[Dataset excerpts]

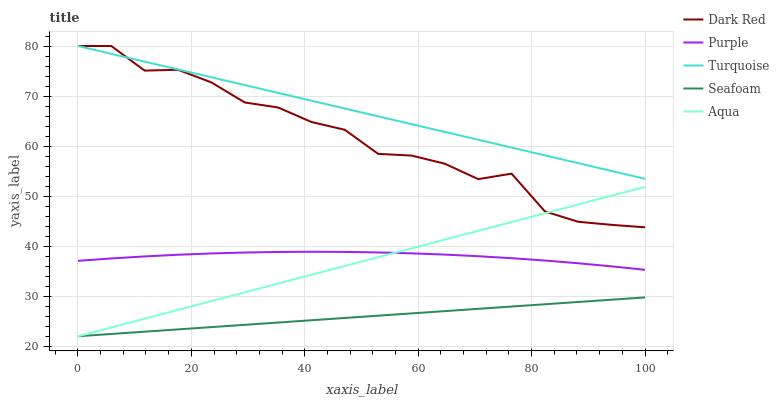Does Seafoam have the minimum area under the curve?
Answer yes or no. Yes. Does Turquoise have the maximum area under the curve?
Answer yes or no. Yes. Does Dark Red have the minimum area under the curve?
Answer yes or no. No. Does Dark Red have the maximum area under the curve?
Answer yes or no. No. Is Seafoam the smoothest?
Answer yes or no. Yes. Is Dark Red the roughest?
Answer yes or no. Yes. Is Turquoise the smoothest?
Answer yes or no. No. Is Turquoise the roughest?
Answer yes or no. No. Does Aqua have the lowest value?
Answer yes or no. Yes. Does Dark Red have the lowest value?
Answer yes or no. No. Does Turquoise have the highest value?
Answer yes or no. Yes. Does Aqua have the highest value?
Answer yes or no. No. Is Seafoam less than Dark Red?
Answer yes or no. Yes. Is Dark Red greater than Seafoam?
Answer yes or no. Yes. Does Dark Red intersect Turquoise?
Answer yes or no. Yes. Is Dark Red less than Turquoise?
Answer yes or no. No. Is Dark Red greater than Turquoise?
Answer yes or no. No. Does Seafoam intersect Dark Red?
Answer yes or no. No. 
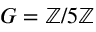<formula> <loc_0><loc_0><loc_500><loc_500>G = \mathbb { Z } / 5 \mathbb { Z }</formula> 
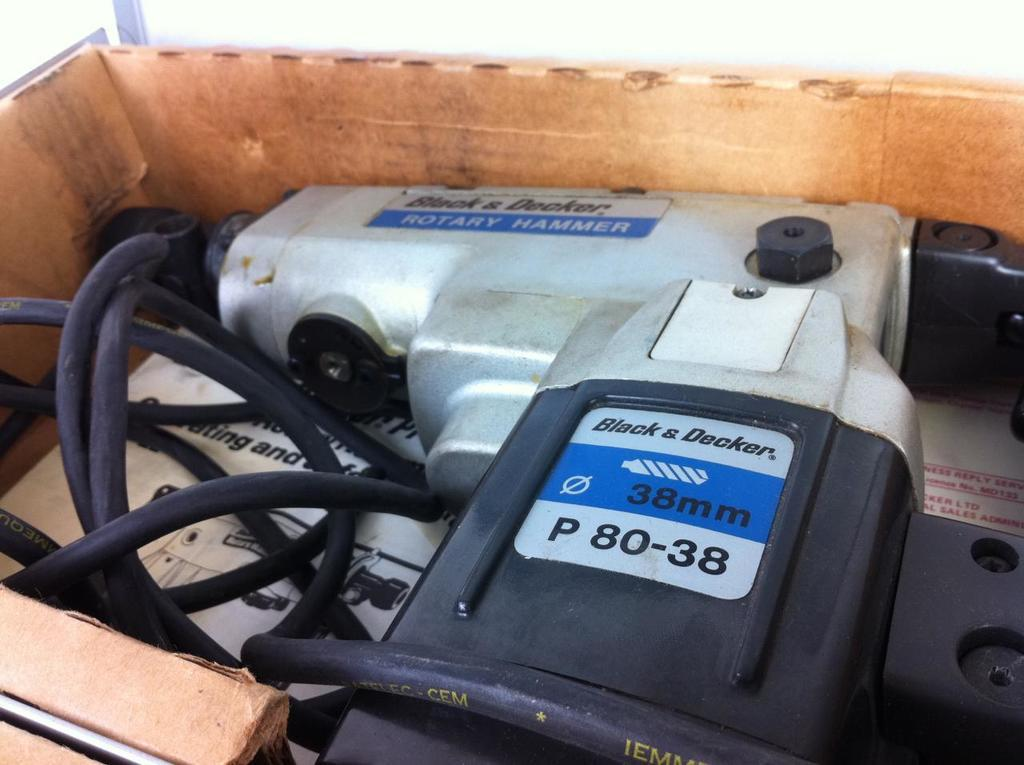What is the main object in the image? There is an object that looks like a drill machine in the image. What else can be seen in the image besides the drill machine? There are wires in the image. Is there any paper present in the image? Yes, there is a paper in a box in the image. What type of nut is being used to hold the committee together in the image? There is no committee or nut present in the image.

*Try it:*
Would you retype the lines from the line containing "Answer yes or no. Yes. Does Dark Red intersect" to the final line of the entries above, exactly as given and without pictures?

*Solution for this task:*
Answer yes or no. Yes. Does Dark Red intersect Turquoise?
Answer yes or no. Yes. Is Dark Red less than Turquoise?
Answer yes or no. No. Is Dark Red greater than Turquoise?
Answer yes or no. No. Does Seafoam intersect Dark Red?
Answer yes or no. No. 
<formula> <loc_0><loc_0><loc_500><loc_500>G = \mathbb { Z } / 5 \mathbb { Z }</formula> 
What is the main object in the image? There is an object that looks like a drill machine in the image. What else can be seen in the image besides the drill machine? There are wires in the image. Is there any paper present in the image? Yes, there is a paper in a box in the image. What type of nut is being used to hold the committee together in the image? There is no committee or nut present in the image.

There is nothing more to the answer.